An agreement with Oakland was signed last June under threat of a lawsuit, giving that city $8 million in mitigation projects to offset project impacts.
Highway 13, known for the greatest part of its course through the city as Ashby Avenue, turns into Tunnel Road east of Claremont Avenue. The highway carries traffic to and from the city, intersecting with Highway 24 not far from the tunnel.
The Berkeley funds are to be spent on traffic signals and signal timing, and for improvements that make the road safer for cyclists and pedestrians, according to the 11-page agreement filed with the court of Alameda County Superior Court Judge Frank Roesch.

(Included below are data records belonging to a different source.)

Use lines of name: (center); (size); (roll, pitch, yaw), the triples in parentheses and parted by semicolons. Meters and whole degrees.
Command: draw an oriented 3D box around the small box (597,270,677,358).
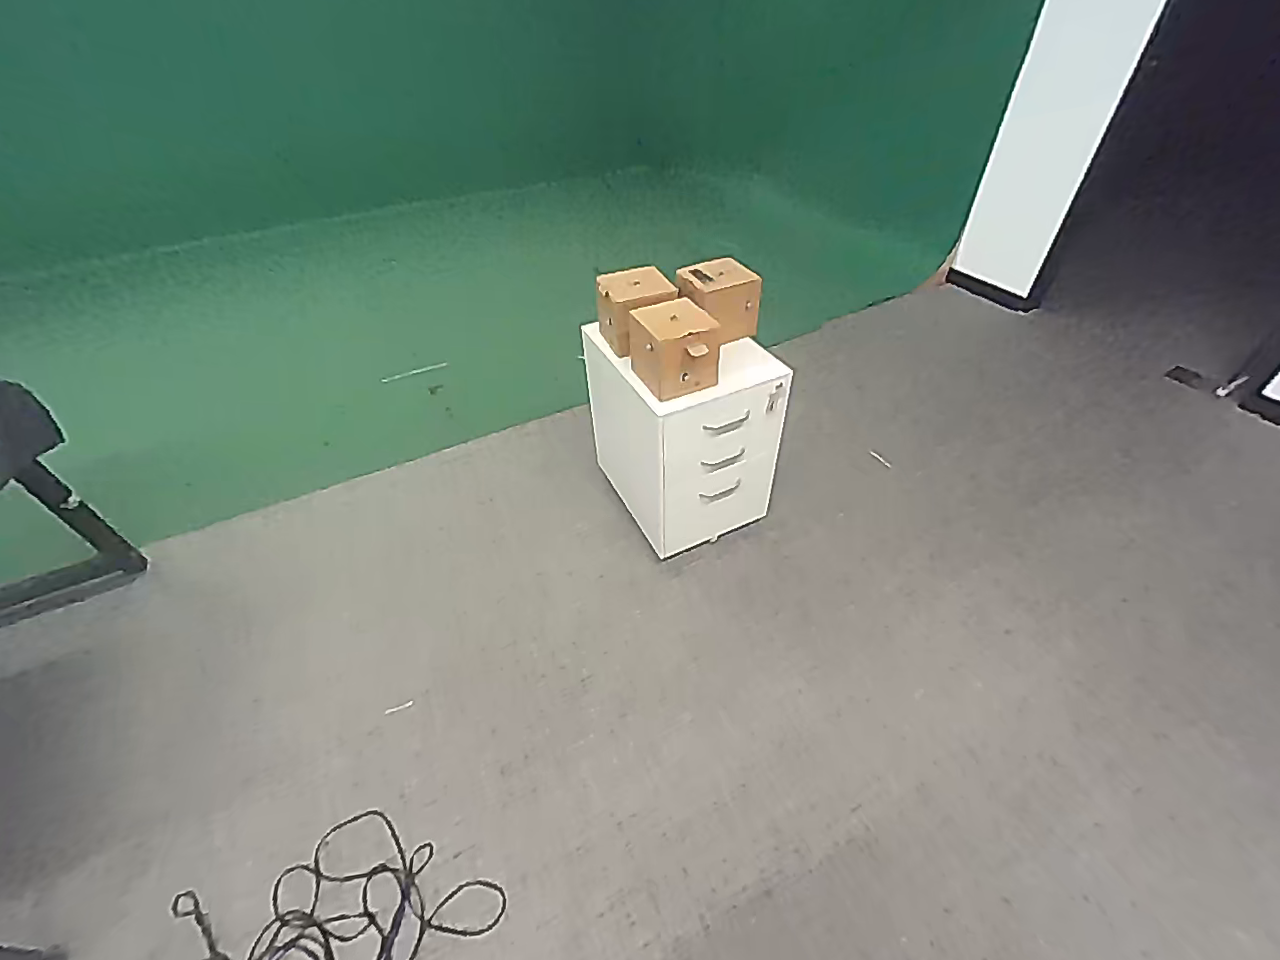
small box: (-0.009, -0.457, 1.499); (0.179, 0.176, 0.168); (-16, 47, -15)
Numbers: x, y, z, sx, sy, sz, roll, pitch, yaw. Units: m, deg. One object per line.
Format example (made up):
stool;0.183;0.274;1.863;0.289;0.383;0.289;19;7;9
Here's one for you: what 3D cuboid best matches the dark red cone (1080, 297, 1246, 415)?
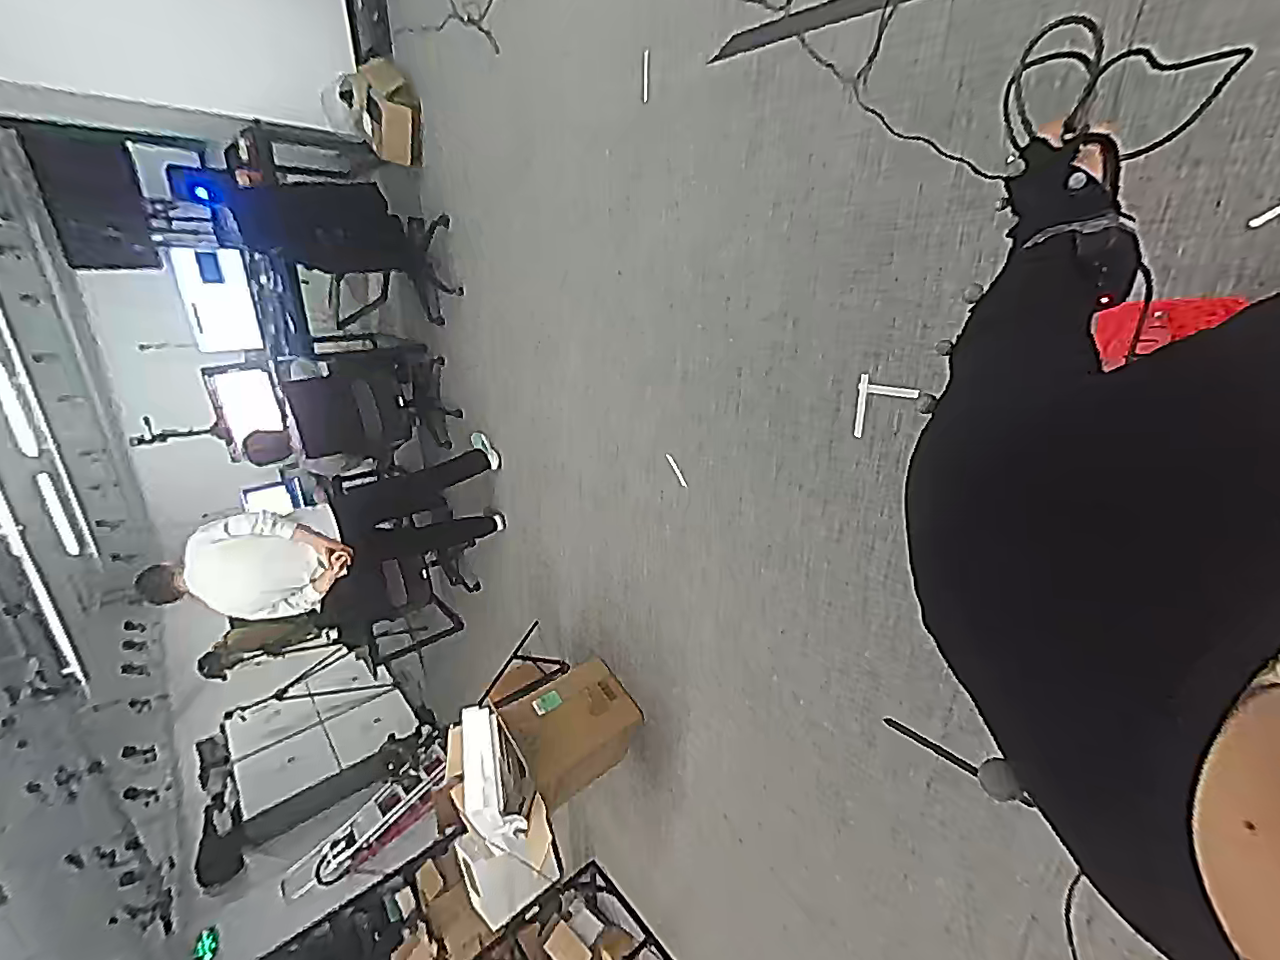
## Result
dark red cone;0.803;-0.184;0.874;0.202;0.394;0.201;14;113;48
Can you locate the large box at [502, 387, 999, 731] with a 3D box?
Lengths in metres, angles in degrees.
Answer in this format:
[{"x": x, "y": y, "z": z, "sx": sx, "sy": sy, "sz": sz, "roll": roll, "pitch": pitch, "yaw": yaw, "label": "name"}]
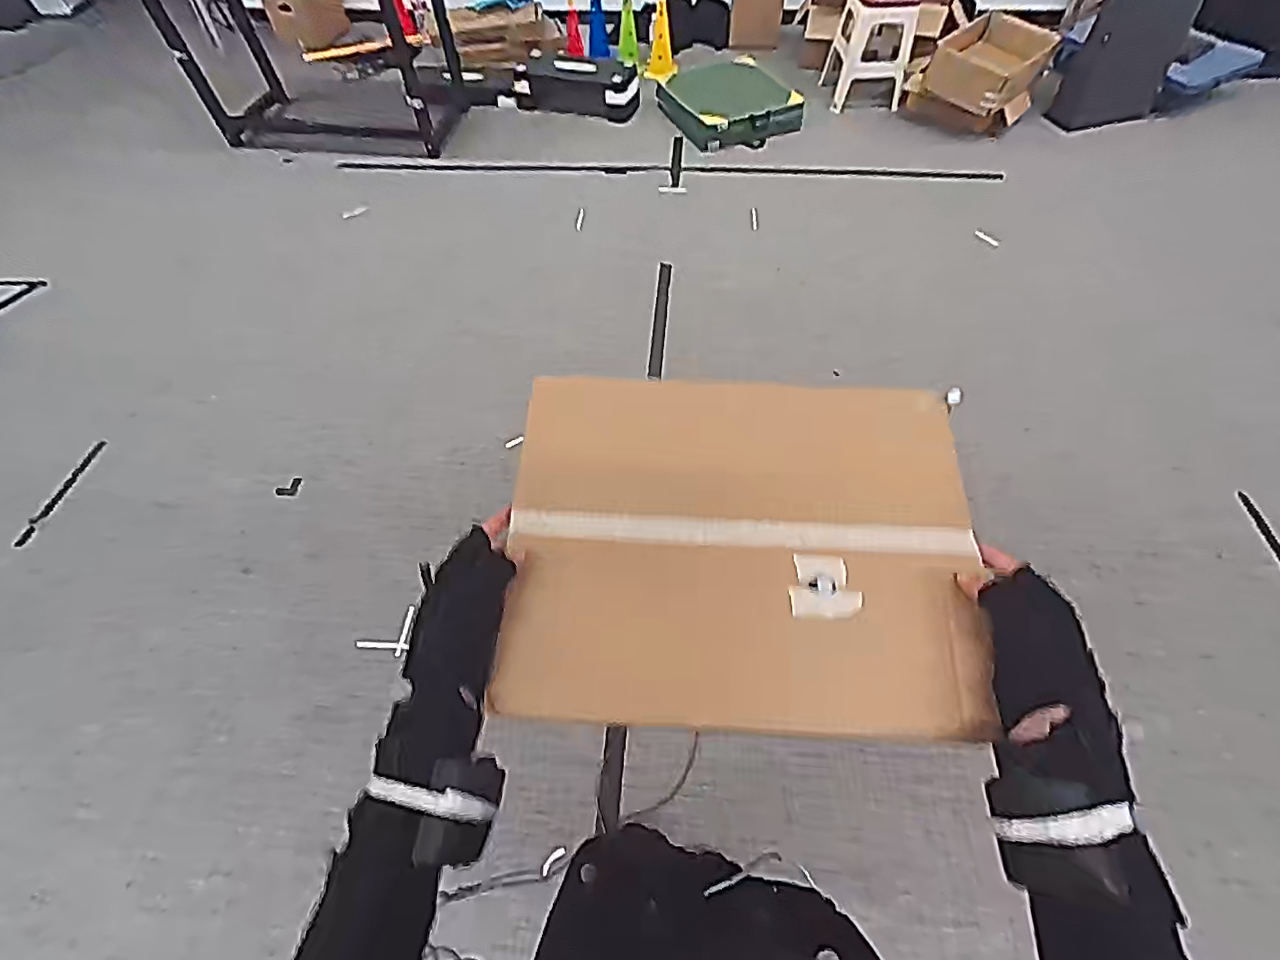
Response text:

According to the agreement, “[p]rojects will be selected by the City of Berkeley,” with the approval of the Fourth Bore Coalition (FBC) and subject to final approval by Caltrans based on safety and feasibility.
The FBC is an alliance of the Berkeley Claremont Elmwood Neighborhood Association, East Bay Bicycle Coalition. Friends of Rockridge-Temescal Greenbelt, North Hills Phoenix Association, Parkwoods Community Association and the Rockridge Community Planning Council.
FBC chair Ann Smulka signed the agreement, as did FBC attorney Stuart Flashman, Caltrans Director Will Kempton and Janet Wong, the agency’s lawyer.